+++ Data supplied

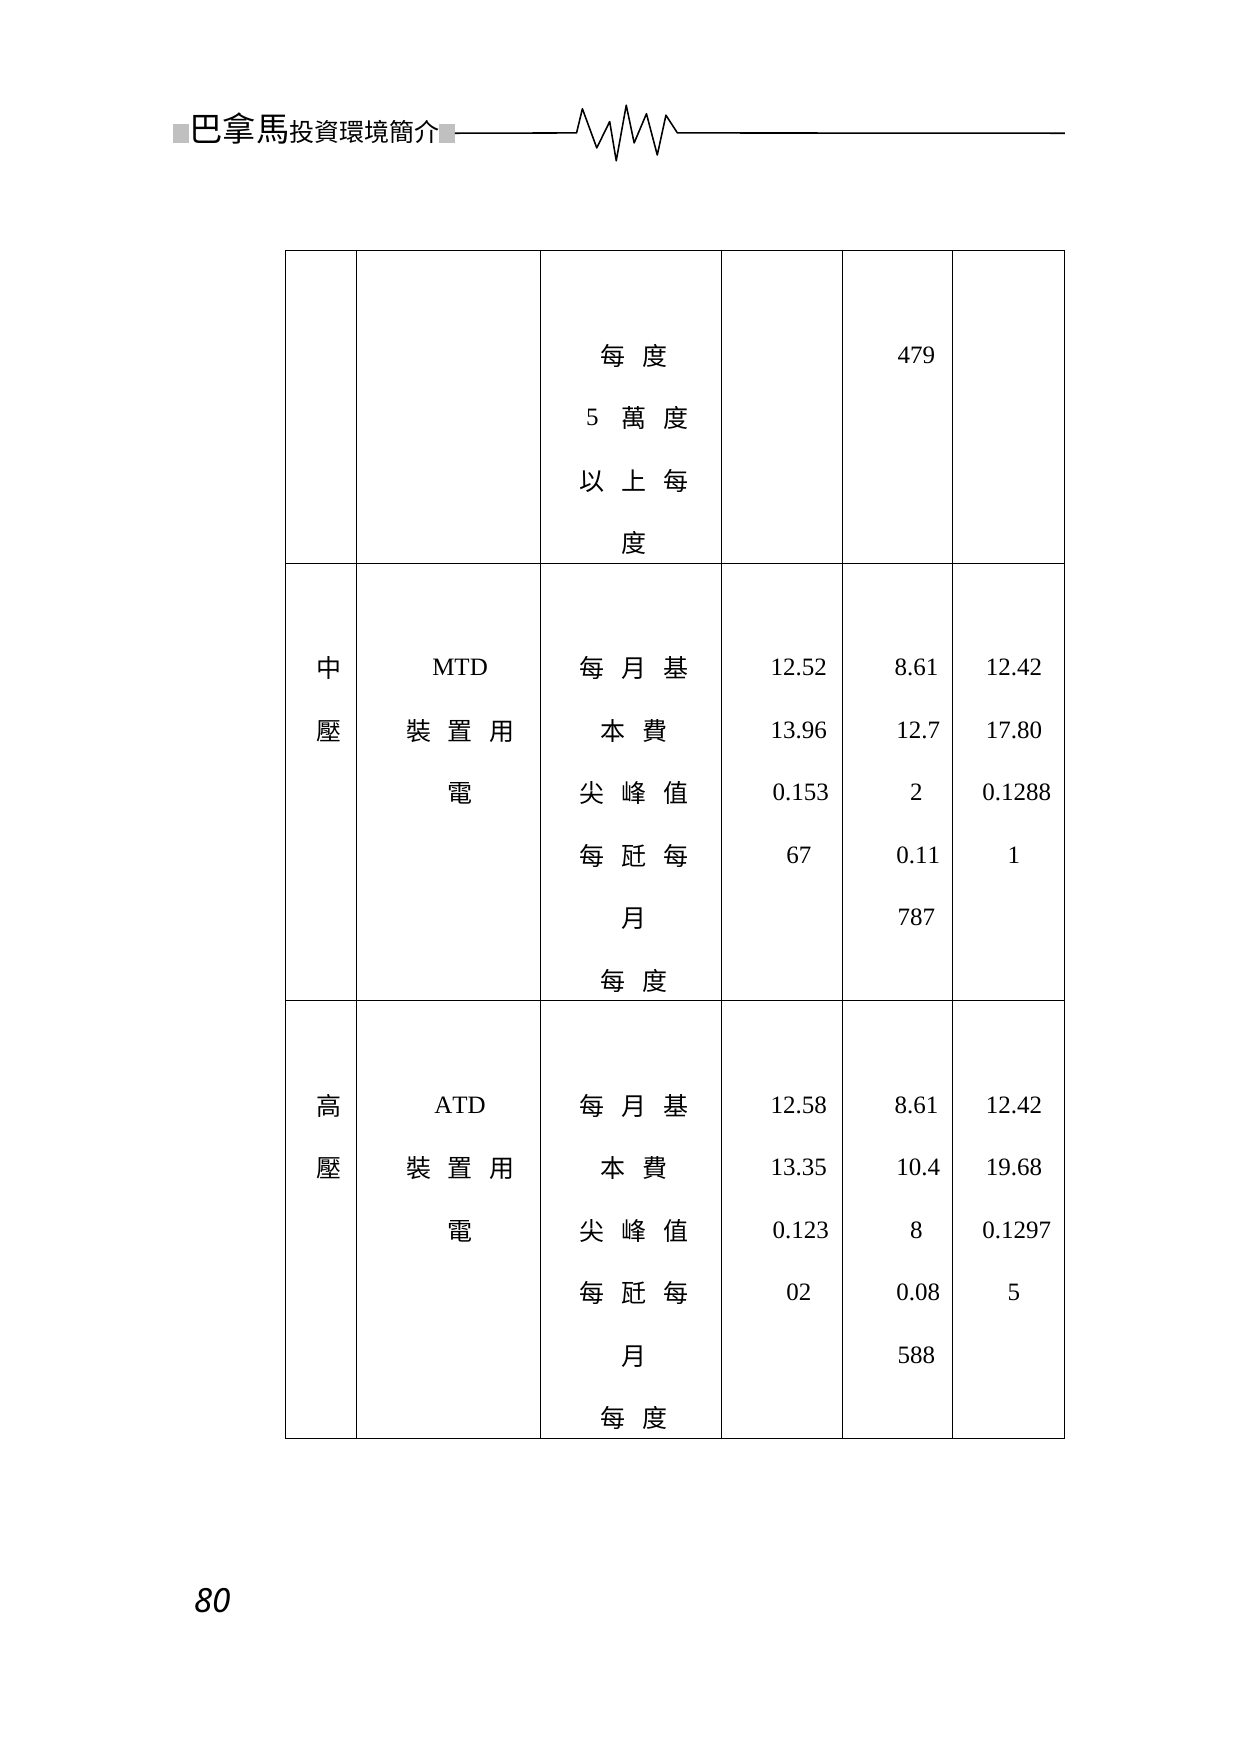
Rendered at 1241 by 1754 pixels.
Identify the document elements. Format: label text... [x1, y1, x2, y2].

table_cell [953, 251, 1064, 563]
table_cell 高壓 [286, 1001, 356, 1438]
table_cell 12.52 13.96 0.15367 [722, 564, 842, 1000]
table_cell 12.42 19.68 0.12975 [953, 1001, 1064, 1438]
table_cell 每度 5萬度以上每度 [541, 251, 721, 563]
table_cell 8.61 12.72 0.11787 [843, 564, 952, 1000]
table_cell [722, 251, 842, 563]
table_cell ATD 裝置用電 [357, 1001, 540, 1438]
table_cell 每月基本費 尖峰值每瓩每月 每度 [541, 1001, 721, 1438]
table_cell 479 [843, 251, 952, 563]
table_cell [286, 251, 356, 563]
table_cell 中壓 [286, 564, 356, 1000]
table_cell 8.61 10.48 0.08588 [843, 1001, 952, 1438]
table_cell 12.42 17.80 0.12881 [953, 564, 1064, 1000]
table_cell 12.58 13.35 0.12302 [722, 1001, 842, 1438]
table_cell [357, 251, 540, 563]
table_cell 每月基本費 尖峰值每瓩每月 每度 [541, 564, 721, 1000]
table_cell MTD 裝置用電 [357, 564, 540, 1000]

++++++
+++ Data supplied

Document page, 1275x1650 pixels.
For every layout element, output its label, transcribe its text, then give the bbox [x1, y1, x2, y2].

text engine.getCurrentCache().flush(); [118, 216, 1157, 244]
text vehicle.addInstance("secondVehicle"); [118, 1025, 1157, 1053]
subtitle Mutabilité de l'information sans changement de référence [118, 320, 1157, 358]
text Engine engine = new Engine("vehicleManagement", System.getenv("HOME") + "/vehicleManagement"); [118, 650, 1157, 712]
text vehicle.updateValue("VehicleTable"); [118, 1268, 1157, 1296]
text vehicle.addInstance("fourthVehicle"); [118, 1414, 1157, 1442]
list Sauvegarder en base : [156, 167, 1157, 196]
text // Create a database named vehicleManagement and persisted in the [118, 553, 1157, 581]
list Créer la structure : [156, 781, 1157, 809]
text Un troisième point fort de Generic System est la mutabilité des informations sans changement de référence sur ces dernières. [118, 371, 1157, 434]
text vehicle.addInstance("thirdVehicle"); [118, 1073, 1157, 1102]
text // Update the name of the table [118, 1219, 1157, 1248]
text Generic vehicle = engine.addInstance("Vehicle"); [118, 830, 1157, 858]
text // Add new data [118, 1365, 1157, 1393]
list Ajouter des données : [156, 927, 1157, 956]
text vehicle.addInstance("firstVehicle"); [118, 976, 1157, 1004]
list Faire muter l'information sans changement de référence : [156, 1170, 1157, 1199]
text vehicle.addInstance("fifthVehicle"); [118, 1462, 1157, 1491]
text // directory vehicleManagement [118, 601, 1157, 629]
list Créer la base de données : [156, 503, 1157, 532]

++++++

▶ **Task instructions**: Please output exactly the lines between the one holding "1268, 1157, 1296]" and the one holding "list Créer la structure" in the records above, inclusive, and nothing more.

▶ **Solution below**:
text vehicle.updateValue("VehicleTable"); [118, 1268, 1157, 1296]
text vehicle.addInstance("fourthVehicle"); [118, 1414, 1157, 1442]
list Sauvegarder en base : [156, 167, 1157, 196]
text // Create a database named vehicleManagement and persisted in the [118, 553, 1157, 581]
list Créer la structure : [156, 781, 1157, 809]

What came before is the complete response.